WORK TO COMPLETE:
Starting at the line that contains "You are a computer-use agent.", reproduce only the lines through the end of the data, exactly, including both the first and the last; skip the pictures.

* * *

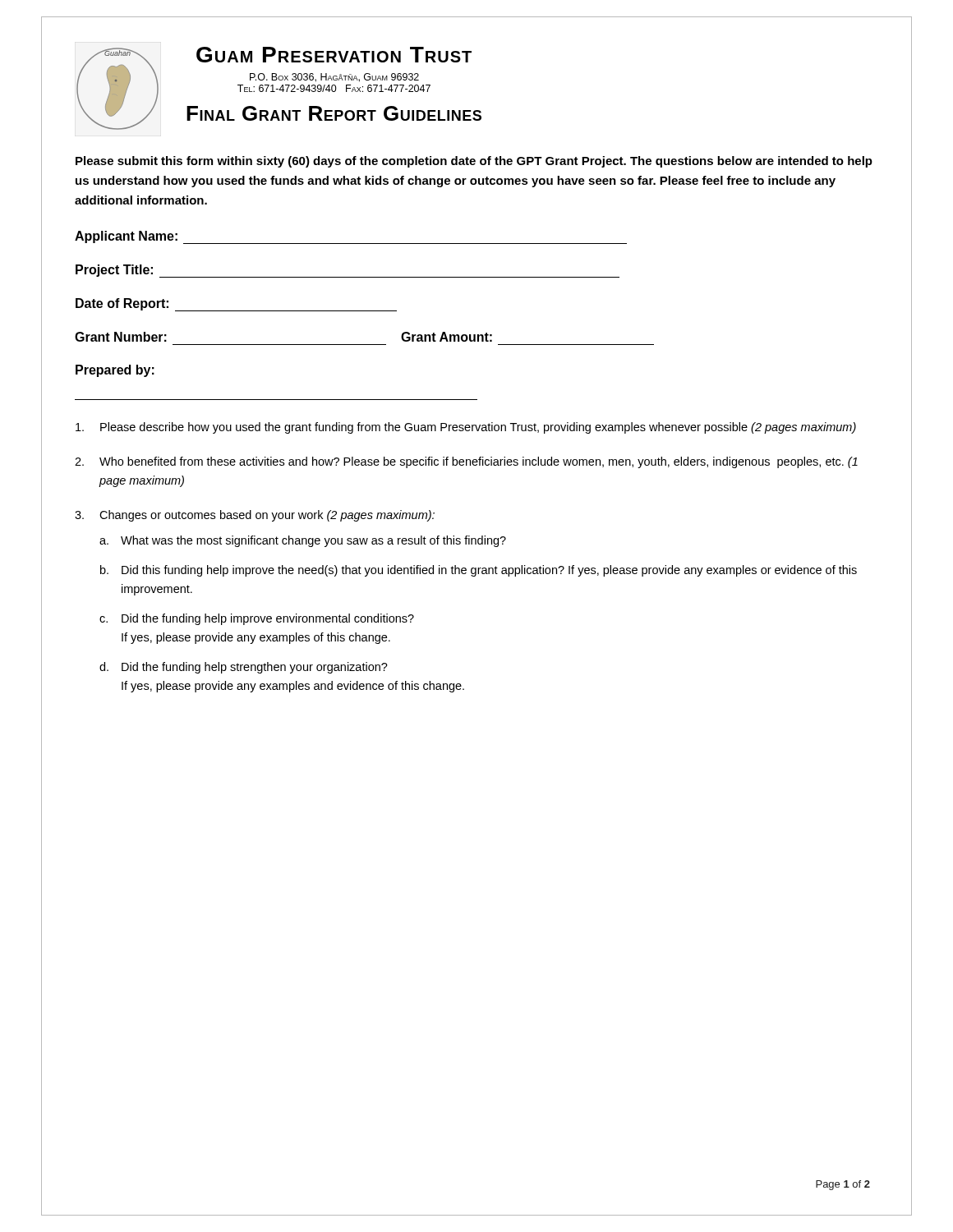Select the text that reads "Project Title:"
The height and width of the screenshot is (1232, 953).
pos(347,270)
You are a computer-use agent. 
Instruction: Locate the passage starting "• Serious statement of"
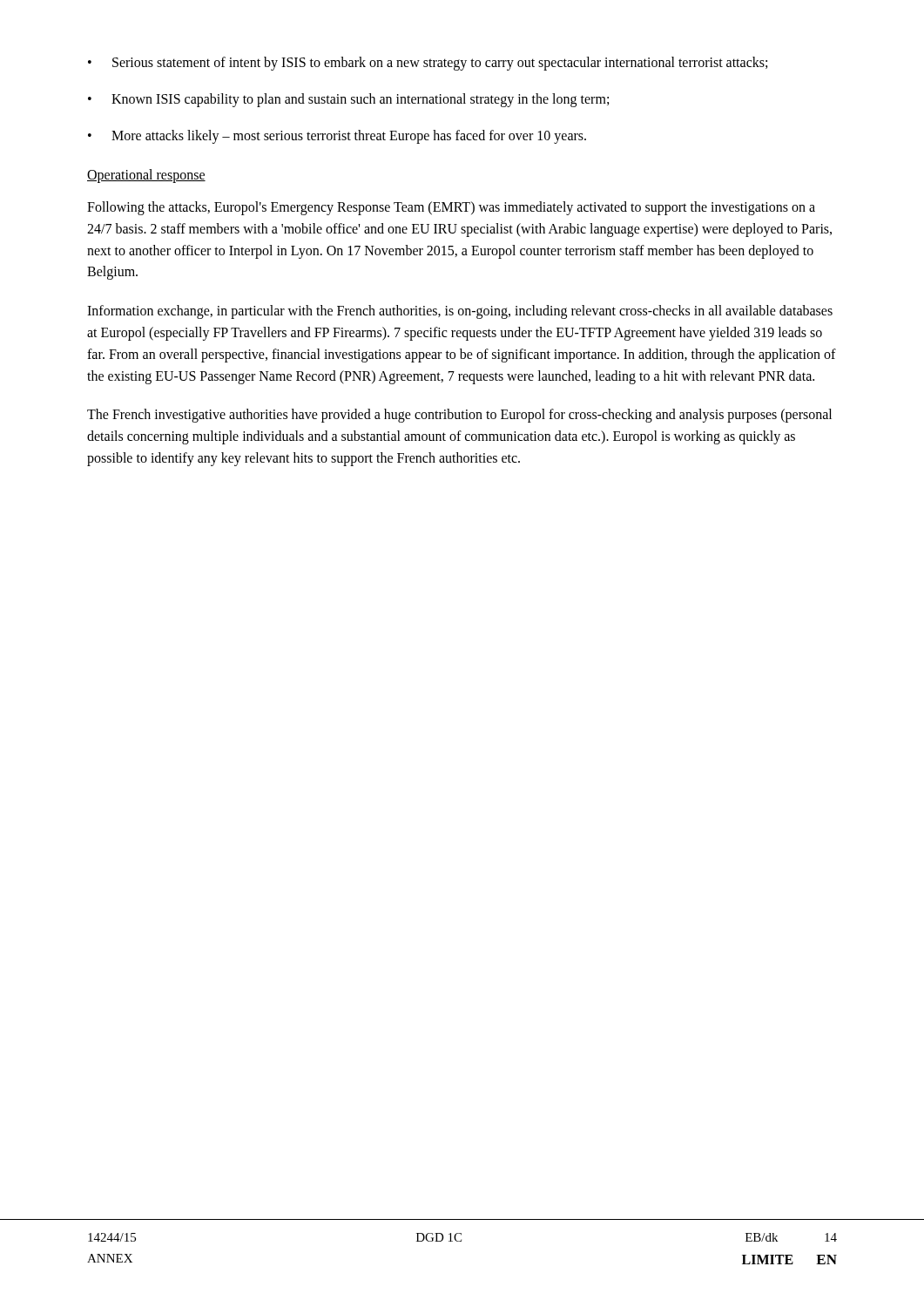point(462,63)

* * *

OUTPUT:
You are a computer-use agent. 
Instruction: Locate the passage starting "• Serious statement of"
point(462,63)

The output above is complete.